It featured an incredible amount of understanding for a high school senior.
Cole stuck the note in his father's jacket before work one day last March - his dad was leaving for a three-day trip - and headed to school a nervous wreck. He anticipated the worst.
"That letter in his jacket pocket was like a ticking time bomb."
When a text message from Ray Fox popped up on Cole's phone during sixth period, he had to leave the classroom to read it. He stepped outside breathing hard, his heart racing. He pressed and swiped the phone in his hands.
"You are still a great son and I am proud of you."
Ray's only disappointment was that he had obviously created an atmosphere where Cole thought he might not be loved as a gay son as much as he would be as a straight son. In the days and weeks that would come, Ray would assure Cole that was not the case.
While his family and team have embraced Cole, the Matthew Shepard Scholarship offers all of Don Bosco High School the opportunity to demonstrate acceptance, a departure from a bygone era.

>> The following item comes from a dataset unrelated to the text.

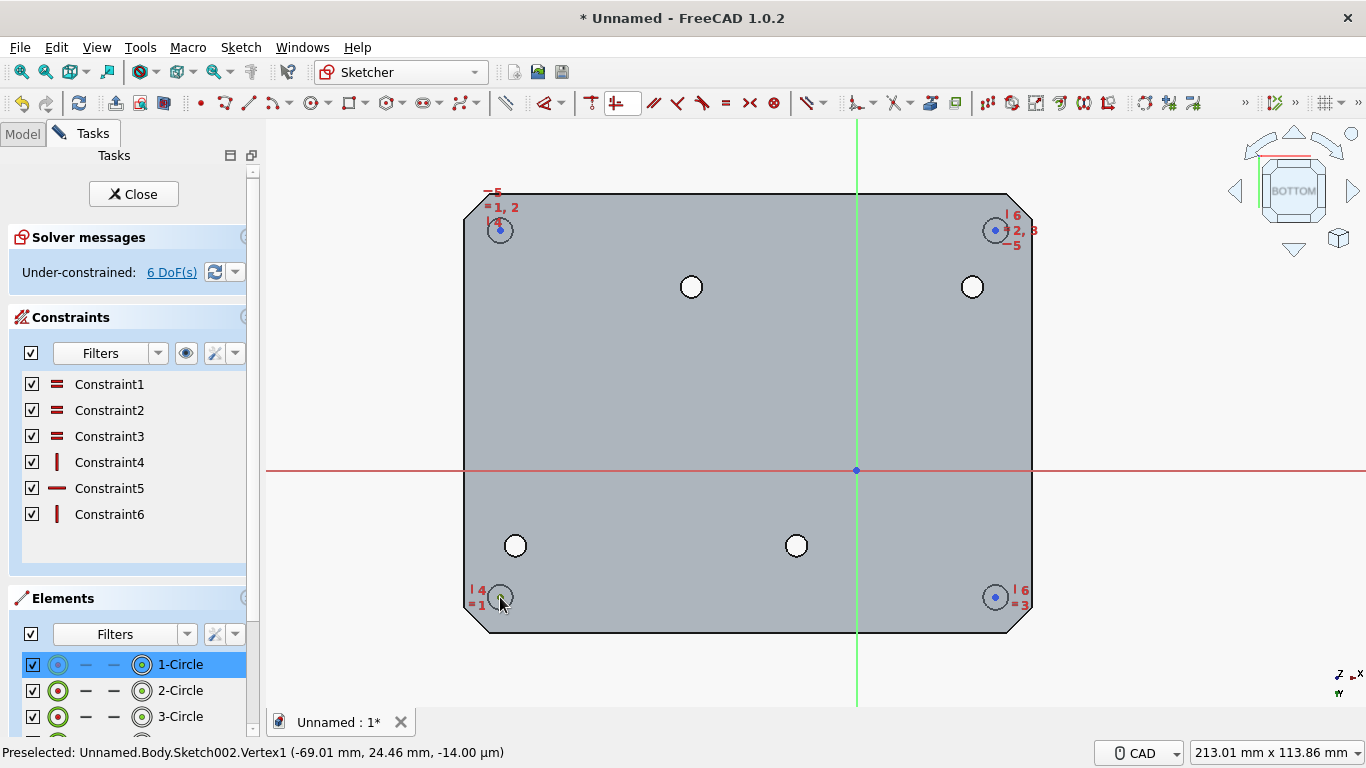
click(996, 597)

"A student from my school received the scholarship 10 years ago," Cole said, "and the feedback from the community 10 years ago was unacceptable. The school did not present the award and did not acknowledge the student's accomplishment. This is a chance for Don Bosco to show its progress over the last 10 years. The way my family and community have reacted so far is a great sign."
Soon he'll be leaving Don Bosco, and Cole wants to use his advocacy efforts to build two key bridges.
Most important to him is his hope of bringing together his beloved Catholic Church and the LGBT community. While he personally understands the decades of torment the Catholic Church has pushed on gay people, Cole sees hope in Pope Francis and a new direction for the Church. He says more and more Catholics are opening their hearts to LGBT people as a result. For years he bought into the damaging messages of some in the Catholic Church, but it was on a church retreat last July that he found Catholic Social Teaching.
"Catholic Social Teaching is the Church's teachings of human dignity. We believe that all humans are granted with God-given dignity and there is nothing that can shatter that dignity. It also has a lot to do with where Catholicism stands with social justice and charity in the world. Pope Francis has been very actively demonstrating Catholic Social Teaching and it is awesome."
He also sees the opportunity to open the hearts and minds of people in his sport. While only a small handful of high school and college wrestlers have ever come out publicly as gay, Cole knows there is more acceptance in the sport than many realize.
"We aren't all dumb wrestling jocks. We can be caring and joyful. I also think this is a good opportunity for athletes, and specifically wrestlers like me, who are in the same situation I was just a few years ago. I want to be that guy I needed when I was in middle school and early in high school. No one should feel excluded or different growing up, and all should be able to dedicate themselves to what they love and succeed."
At the end of the season Cole received the Coaches Award for his leadership and dedication to the team. He's headed to the Univ. of Northern Iowa this autumn. He's not yet sure if he'll try to wrestle there. Either way, he'll be working to bring increased acceptance to some of the historically darkest corners of our culture for LGBT people.